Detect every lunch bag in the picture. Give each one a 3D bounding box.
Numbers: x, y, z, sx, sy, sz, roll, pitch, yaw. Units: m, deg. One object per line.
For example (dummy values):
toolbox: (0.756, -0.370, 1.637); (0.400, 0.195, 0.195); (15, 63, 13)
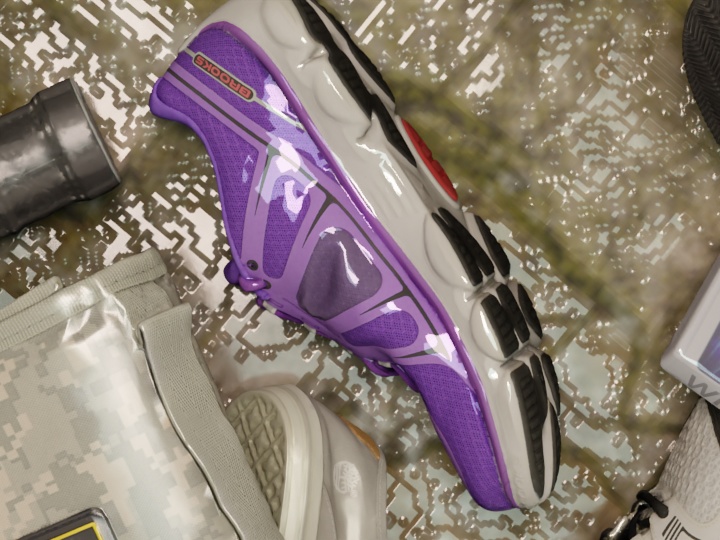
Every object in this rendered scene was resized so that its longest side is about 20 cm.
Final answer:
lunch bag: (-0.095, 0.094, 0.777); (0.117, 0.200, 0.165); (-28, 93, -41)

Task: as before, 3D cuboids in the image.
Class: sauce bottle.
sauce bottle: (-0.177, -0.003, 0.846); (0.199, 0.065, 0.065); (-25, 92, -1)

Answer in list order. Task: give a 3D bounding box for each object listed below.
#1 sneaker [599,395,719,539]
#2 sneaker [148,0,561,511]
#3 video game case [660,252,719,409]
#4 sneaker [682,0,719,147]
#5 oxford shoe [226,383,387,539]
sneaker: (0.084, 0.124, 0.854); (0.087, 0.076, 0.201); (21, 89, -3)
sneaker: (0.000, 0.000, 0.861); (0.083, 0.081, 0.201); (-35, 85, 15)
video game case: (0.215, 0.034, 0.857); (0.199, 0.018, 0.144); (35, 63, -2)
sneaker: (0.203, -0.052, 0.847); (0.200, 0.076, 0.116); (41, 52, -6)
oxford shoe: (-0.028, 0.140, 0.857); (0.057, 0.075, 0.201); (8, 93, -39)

**********

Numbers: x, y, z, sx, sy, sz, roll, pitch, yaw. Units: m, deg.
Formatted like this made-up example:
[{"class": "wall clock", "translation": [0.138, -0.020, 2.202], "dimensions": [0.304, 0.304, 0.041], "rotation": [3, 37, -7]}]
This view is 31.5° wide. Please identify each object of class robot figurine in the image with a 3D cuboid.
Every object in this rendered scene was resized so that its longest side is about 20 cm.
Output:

**********

The response must hold only the lines above from the line with "#1 sneaker [599,395,719,539]" through the line with "#4 sneaker [682,0,719,147]", each copied exactly, both ends kept.

#1 sneaker [599,395,719,539]
#2 sneaker [148,0,561,511]
#3 video game case [660,252,719,409]
#4 sneaker [682,0,719,147]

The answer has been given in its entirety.